Show HN: Descr.be – Image Annotation Platform - efojs
https://www.descr.be/posts/2
======
efojs
Hi,

I've noticed that often people sharing images with details in subject either:

— describe image (say in comments) shortly, because it's not convenient, or

— put description in comment with need to tell where to watch (e.g. top right
corner), far from image, or

— use some tool (Photoshop?) to embed description into image.

So I develop and recently released platform where users can describe details
of images and share link to it — DESCRiBE
([https://www.descr.be](https://www.descr.be))

I've added sample posts to explore possible use cases:

— Lunar features (craters and seas) —
[https://www.descr.be/posts/2](https://www.descr.be/posts/2)

— Manhattan skyline —
[https://www.descr.be/posts/3](https://www.descr.be/posts/3)

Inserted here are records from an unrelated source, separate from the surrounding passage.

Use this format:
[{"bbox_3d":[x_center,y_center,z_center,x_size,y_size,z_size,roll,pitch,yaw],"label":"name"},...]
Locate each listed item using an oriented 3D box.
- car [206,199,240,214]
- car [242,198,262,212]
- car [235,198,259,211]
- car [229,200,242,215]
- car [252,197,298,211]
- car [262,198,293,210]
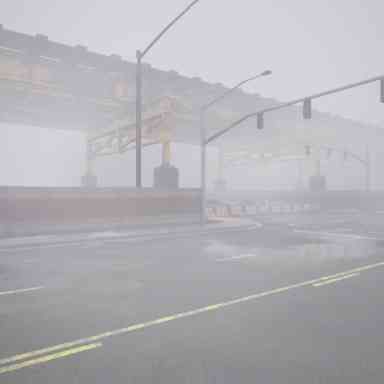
[{"bbox_3d":[2.288,1.295,33.715,4.536,1.218,1.853,0,0,8],"label":"car"},{"bbox_3d":[6.084,1.453,36.393,2.038,1.542,4.974,0,0,18],"label":"car"},{"bbox_3d":[6.100,1.295,36.442,1.853,1.218,4.536,0,0,18],"label":"car"},{"bbox_3d":[2.339,1.453,33.708,4.974,1.542,2.038,0,0,8],"label":"car"},{"bbox_3d":[9.995,1.453,40.152,4.974,1.542,2.038,0,0,-7],"label":"car"},{"bbox_3d":[9.944,1.295,40.145,4.536,1.218,1.853,0,0,-7],"label":"car"}]
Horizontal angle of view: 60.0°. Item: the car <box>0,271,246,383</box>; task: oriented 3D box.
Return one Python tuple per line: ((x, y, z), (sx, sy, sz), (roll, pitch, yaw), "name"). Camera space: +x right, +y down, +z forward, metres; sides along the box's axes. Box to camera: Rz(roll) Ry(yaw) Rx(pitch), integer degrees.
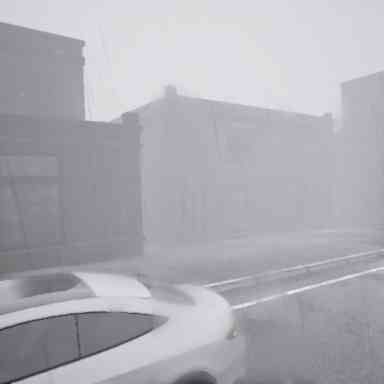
((-1.592, 1.526, 2.782), (4.674, 1.442, 1.812), (0, 0, -35), "car")
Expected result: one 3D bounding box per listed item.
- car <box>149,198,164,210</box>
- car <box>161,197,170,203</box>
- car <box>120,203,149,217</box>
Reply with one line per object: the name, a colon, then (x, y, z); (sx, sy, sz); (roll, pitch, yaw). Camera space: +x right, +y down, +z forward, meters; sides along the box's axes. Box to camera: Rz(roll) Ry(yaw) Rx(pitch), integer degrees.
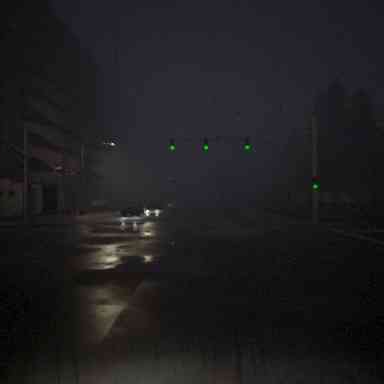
car: (-5.953, 2.048, 51.897); (1.895, 1.301, 4.718); (0, 0, 2)
car: (-5.572, 1.662, 67.315); (1.882, 1.535, 5.008); (0, 0, 1)
car: (-6.313, 1.867, 35.871); (2.033, 1.411, 5.357); (0, 0, 1)
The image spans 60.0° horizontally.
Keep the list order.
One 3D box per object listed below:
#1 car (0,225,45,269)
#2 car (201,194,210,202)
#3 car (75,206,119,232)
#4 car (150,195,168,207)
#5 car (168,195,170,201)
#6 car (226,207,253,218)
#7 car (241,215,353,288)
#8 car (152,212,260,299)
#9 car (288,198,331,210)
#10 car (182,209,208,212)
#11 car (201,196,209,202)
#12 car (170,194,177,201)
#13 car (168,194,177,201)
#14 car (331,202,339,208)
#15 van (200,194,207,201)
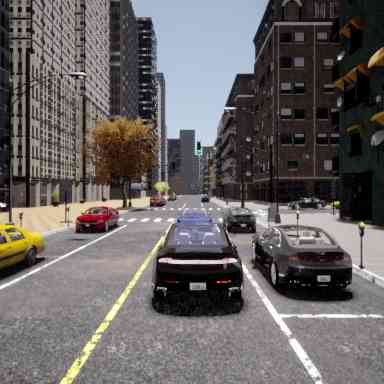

— University of Oxford aerial —
[https://www.descr.be/posts/25](https://www.descr.be/posts/25)

— Few reef fishes —
[https://www.descr.be/posts/4](https://www.descr.be/posts/4)

— Stuff for filmmaking —
[https://www.descr.be/posts/6](https://www.descr.be/posts/6)

— Notebook stickers —
[https://www.descr.be/posts/1](https://www.descr.be/posts/1)

I invite you to check it, tell what you think and remember to use, when you’ll
need to annotate something — describe it and share a link.

Hope it will be useful and make Internet a better place.

Near future plans:

\+ allow links,

– stick annotations while scrolling tall images,

– adopt for small screens,

– add categories.